The commit message records what migrated where — that's the audit trail. git log -- docs/handoffs/ then shows the project's handoff history (one add, one delete per session) without needing the files themselves to live forever.
Template
When you do need to write one, use this skeleton. Replace placeholders inline; delete sections that don't apply (better to omit a section than fill it with "N/A").
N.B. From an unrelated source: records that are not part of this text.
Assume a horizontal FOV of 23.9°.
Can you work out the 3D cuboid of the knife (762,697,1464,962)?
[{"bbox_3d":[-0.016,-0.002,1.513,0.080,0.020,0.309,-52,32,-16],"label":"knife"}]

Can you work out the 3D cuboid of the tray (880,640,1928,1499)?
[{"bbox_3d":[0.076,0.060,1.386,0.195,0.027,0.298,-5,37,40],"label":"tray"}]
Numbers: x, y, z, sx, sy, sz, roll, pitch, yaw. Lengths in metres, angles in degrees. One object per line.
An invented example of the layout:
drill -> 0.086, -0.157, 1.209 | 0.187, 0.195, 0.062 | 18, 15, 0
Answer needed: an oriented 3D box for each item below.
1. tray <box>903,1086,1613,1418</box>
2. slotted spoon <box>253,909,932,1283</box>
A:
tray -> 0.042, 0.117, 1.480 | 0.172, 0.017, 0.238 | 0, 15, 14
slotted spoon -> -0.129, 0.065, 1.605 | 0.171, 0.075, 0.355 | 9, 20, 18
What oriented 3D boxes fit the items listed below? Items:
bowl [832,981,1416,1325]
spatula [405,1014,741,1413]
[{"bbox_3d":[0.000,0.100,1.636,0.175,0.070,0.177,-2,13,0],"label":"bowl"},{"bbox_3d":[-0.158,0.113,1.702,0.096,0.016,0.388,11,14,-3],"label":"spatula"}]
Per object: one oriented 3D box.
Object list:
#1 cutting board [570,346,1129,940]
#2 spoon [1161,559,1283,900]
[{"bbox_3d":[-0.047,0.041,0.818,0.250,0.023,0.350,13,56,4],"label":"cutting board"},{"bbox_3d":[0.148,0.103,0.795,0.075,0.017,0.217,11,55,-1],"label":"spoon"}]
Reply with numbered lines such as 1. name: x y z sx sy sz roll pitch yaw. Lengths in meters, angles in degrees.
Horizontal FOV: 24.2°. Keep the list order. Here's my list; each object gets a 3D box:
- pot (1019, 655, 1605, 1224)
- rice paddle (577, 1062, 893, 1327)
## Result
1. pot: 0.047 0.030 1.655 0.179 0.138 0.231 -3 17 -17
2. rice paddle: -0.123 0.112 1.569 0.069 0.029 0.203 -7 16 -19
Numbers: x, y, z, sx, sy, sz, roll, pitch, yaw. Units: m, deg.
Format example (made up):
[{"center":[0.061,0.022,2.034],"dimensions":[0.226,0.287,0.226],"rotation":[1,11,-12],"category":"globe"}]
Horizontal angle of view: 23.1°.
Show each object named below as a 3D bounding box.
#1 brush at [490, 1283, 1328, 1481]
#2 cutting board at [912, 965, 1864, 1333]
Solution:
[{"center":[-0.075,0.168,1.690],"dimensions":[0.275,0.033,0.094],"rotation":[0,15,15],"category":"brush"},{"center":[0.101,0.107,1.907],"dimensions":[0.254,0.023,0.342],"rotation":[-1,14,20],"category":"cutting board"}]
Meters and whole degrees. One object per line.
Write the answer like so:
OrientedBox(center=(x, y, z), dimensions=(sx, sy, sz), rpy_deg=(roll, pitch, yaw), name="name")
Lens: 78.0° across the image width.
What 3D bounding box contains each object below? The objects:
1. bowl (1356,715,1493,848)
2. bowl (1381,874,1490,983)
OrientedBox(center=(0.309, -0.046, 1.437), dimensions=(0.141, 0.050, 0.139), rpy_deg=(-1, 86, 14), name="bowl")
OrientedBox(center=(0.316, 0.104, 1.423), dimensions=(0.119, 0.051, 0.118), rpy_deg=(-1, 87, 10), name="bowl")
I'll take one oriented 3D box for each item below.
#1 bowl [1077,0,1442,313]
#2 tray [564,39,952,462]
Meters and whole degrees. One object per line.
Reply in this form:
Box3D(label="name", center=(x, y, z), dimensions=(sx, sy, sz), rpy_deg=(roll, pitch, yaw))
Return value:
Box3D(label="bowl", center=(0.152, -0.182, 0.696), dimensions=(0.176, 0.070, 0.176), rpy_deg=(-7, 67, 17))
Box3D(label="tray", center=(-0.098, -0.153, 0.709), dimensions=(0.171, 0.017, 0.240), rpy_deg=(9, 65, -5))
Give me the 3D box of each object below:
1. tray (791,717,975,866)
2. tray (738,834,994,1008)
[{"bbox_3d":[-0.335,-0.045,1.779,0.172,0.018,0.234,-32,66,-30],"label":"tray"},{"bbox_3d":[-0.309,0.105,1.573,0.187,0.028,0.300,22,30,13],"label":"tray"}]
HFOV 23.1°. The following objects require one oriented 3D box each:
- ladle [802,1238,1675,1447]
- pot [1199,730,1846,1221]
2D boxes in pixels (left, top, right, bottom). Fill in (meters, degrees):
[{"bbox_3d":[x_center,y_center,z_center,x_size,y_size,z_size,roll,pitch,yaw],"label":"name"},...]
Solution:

# Handoff — <Topic> (one-line summary of what this session left open)
**Created:** YYYY-MM-DD
**Working tree:** clean | <state if not clean>
**Branch:** main | <branch>
## Goal & next-up
**Goal of this session:** <what you were trying to do, in 1–3 sentences>
**Next session should pick up:** <the very next concrete action, by name. Reference the plan doc section if applicable.>
**Verification command:**
```sh
<commands the next session runs to confirm this handoff's claimed state>
# Expect: <what success looks like>
Done this session
| Commit | Subject | Notes |
|---|---|---|
<sha> |
Open follow-ups (priority-ordered)
1. - (
)
<Concrete scope. Enough detail to start cold. Link to existing plan/ADR/design-doc sections rather than reproducing them.>
2. ...
Critical context
<Things the next session needs to know that aren't yet in the code/docs. Be honest about what's truly load-bearing — anything obvious from git log or a quick grep doesn't belong here.>
References
<predecessor-handoff if any>— predecessor (if relevant)<plan doc>— current workstream state<ADR>— relevant decision
Resume in a new session with:
```
/resume_handoff docs/handoffs/
## Tooling
The `create_handoff` and `resume_handoff` skills (from various Claude Code orchestration toolkits) generate and consume handoffs. They're optional — the discipline above is the load-bearing artifact. A handoff written by hand following this template is just as valid.
If you use one of those skills, expect it to default to YAML format under `thoughts/shared/handoffs/` with database indexing. **That doesn't apply to this project.** Override it: produce markdown at `docs/handoffs/<topic>-handoff.md` and skip the database step. The skill activation is informational; the project's convention takes precedence.